The Supreme Court has instructed that if a party brings an action to compel arbitration under the Arbitration Act, courts are to “look through” the petition to compel arbitration “to determine whether it is predicated on an action that arises under federal law.” Vaden v. Discover Bank, 556 U.S. 49, 62 (2009). If this action is viewed as one to compel arbitration and the Court “looks through,” it is clear this case is predicated on an action under state law and not federal law.
Plaintiff's amended complaint also cites, without sufficient explanation, 34 U.S.C. § 40901(e)(1)(D)(i). This statute mandates that federal agencies shall “update, correct, modify, or remove” a record from any database maintained by the agency if the “basis under which a record was made available” does not apply. 34 U.S.C. § 40901(e)(1)(D)(i). Again, this federal statute does not create a cause of action for Plaintiff; rather, it mandates how federal agencies should administer and manage their records. See 34 U.S.C. § 40901(e); see also City of New York v. United States Dept. of Def., No. 1:17-cv-01464, 2018 WL 1937347, at *3 (E.D. Va. April 24, 2018) (determining that 34 U.S.C. § 40901(e) did “not create rights in the [p]laintiffs” but was rather a provision reserved for federal agencies). Plaintiff is a private citizen, not a federal agency. This statute, therefore, does not apply and provides Plaintiff with no basis to commence an action in federal court.
Because Plaintiff's amended complaint fails to provide a basis for federal subject matter jurisdiction, this case should be dismissed for lack of jurisdiction.
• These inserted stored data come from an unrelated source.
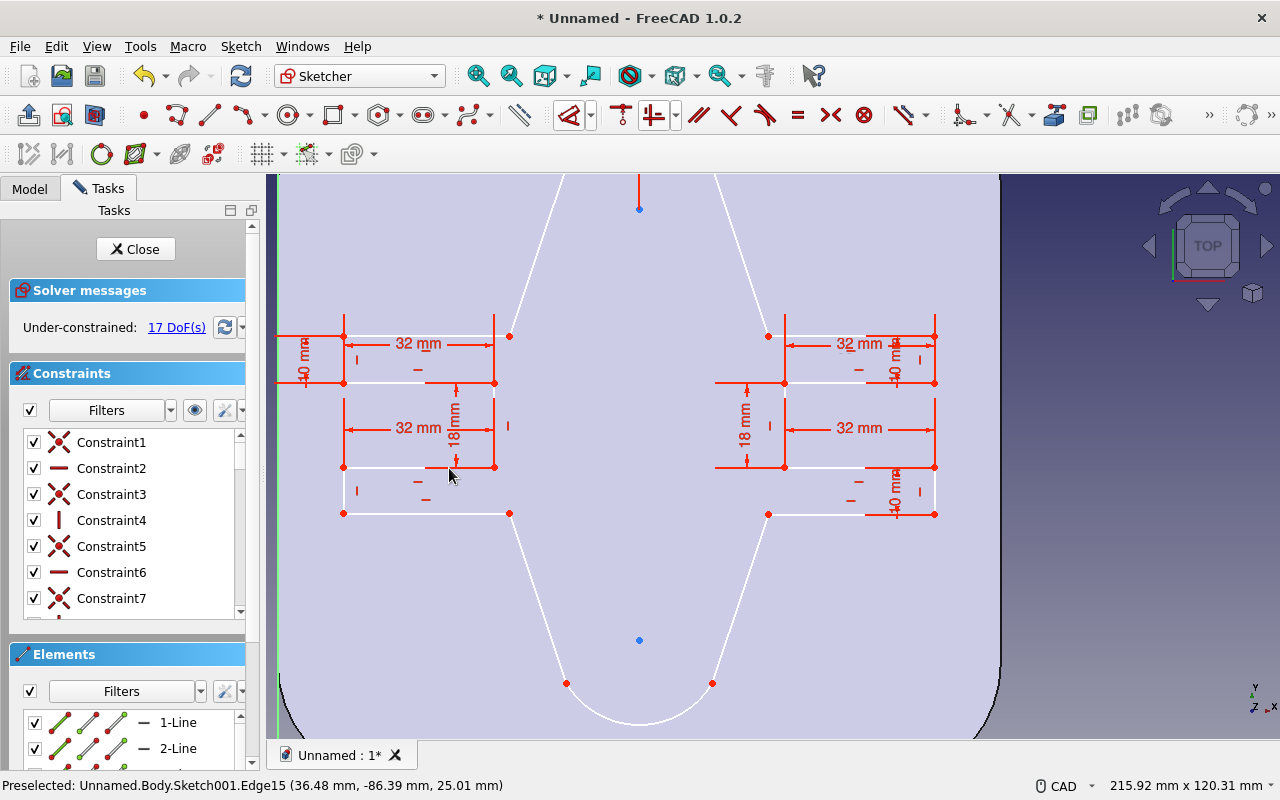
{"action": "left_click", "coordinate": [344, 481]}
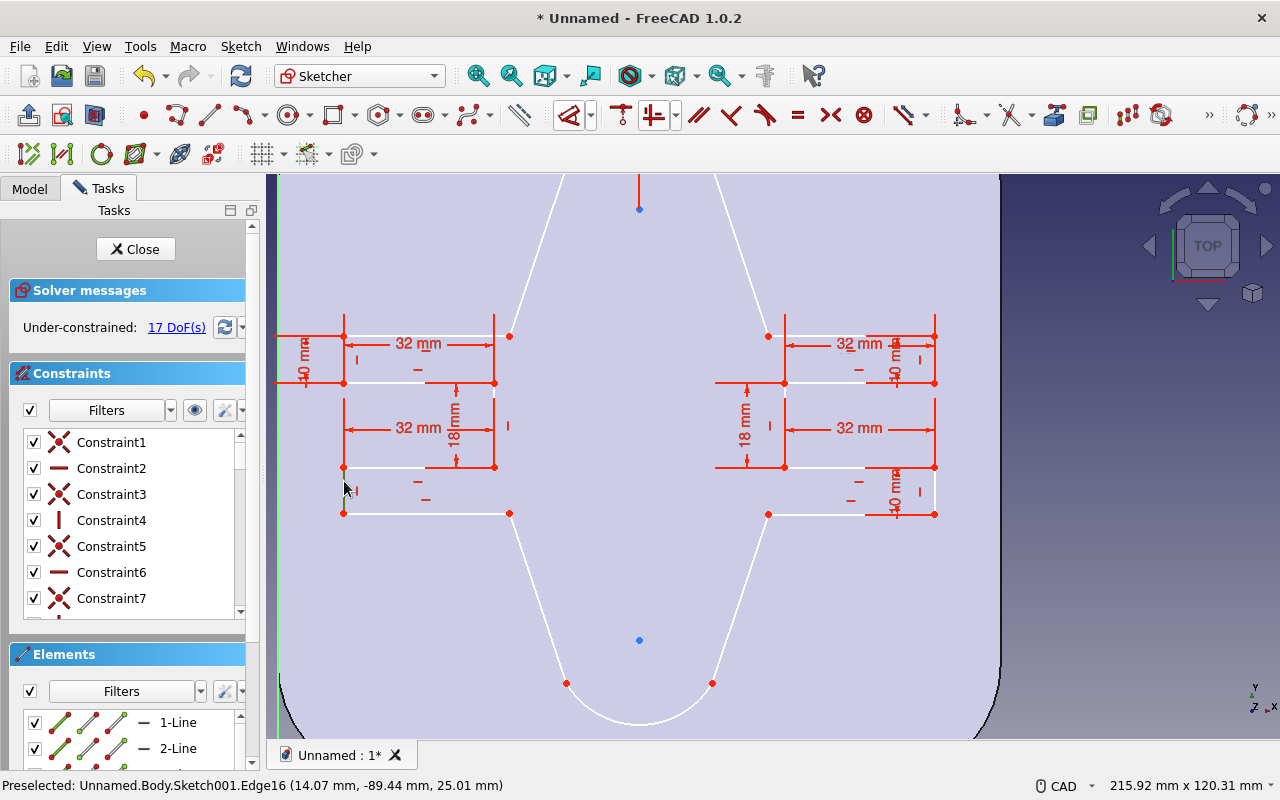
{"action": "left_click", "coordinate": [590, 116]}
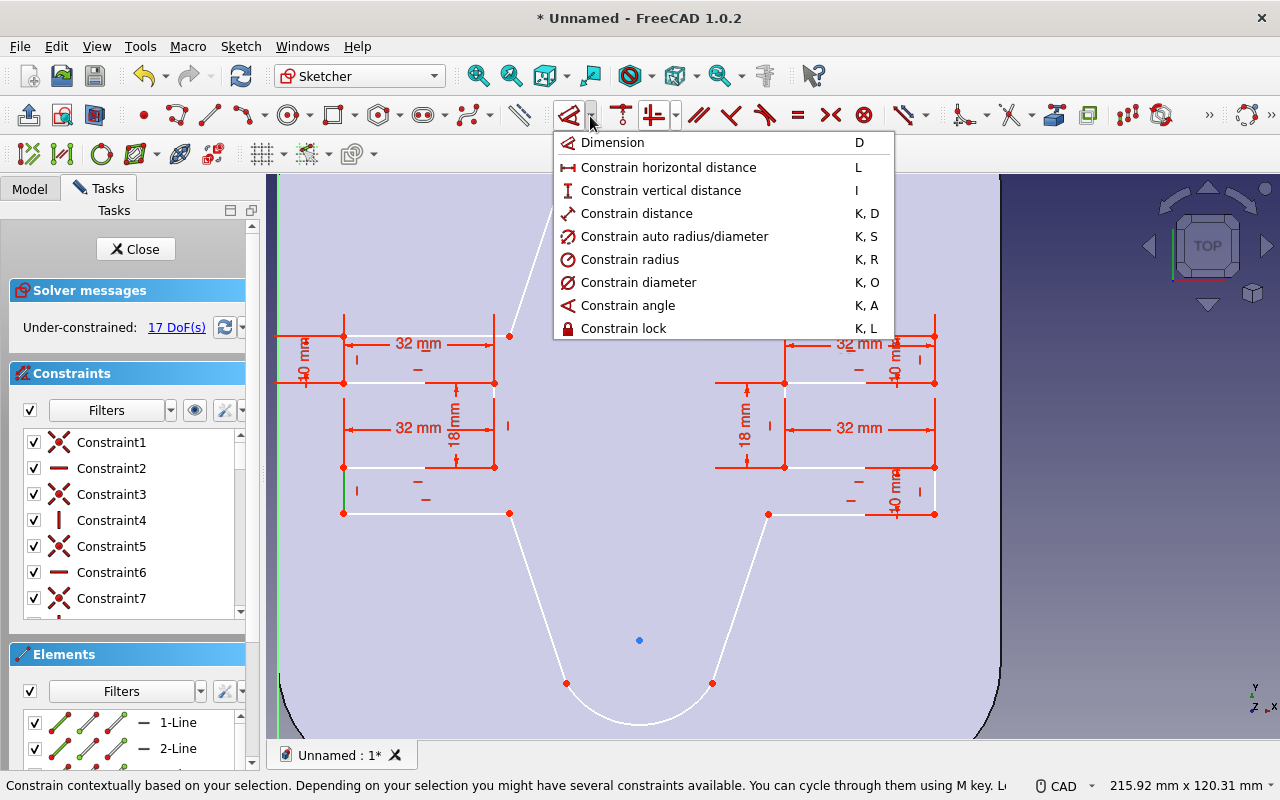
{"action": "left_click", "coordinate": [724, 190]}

See Fed. R. Civ. P. 12(h)(3) (stating that if “the court determines at any time that it lacks subject-matter jurisdiction, the court must dismiss the action”).
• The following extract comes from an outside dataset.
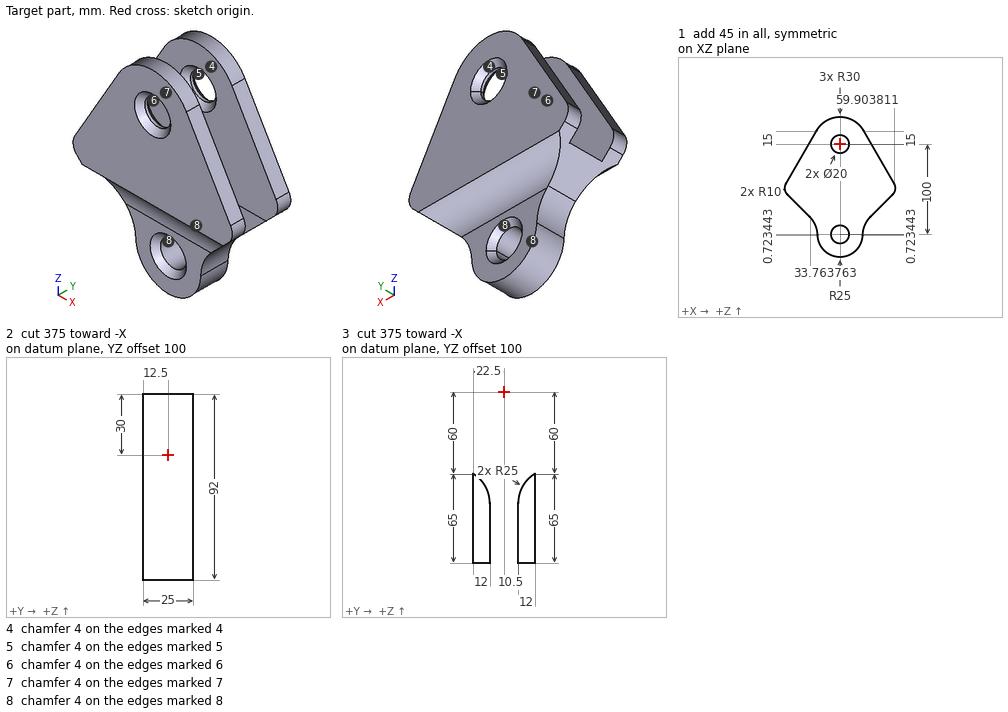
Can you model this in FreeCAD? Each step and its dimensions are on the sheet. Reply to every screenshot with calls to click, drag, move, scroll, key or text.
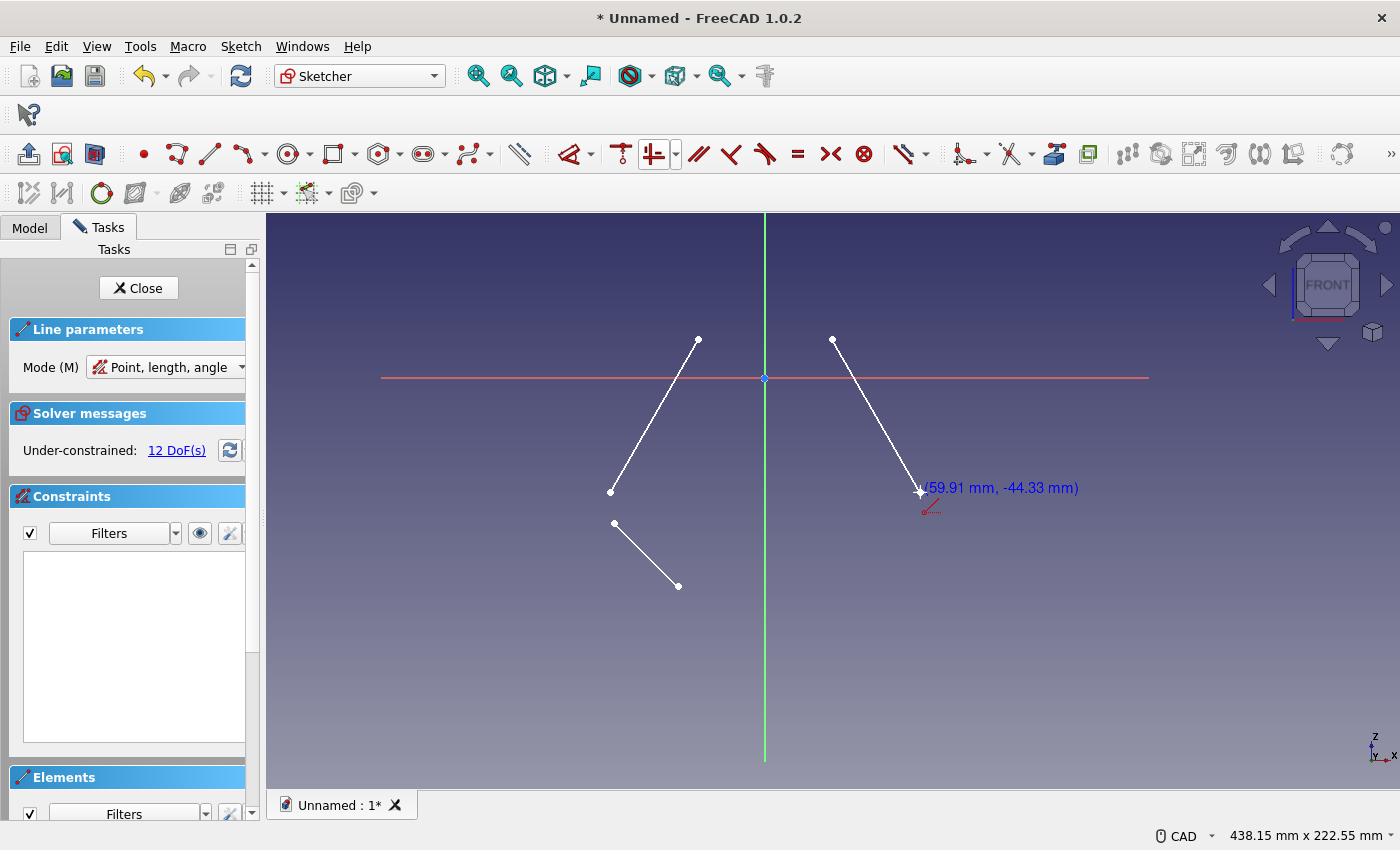
click(916, 523)
click(852, 586)

For the reasons above, this case should be dismissed without prejudice.
Accordingly, it is respectfully RECOMMENDED that:
1. Plaintiff's action be DISMISSED without prejudice for lack of subject-matter jurisdiction.
2. The Clerk of Court be directed to close this case.
NOTICE TO THE PARTIES
Objections to these proposed findings and recommendations must be filed within fourteen days of the date of the Report and Recommendation. Any different deadline that may appear on the electronic docket is for the Court's internal use only and does not control. An objecting party must serve a copy of the objections on all other parties. A party who fails to object to the magistrate judge's findings or recommendations contained in a report and recommendation waives the right to challenge on appeal the district court's order based on unobjected-to factual and legal conclusions. See 11th Cir. Rule 3-1; 28 U.S.C. § 636.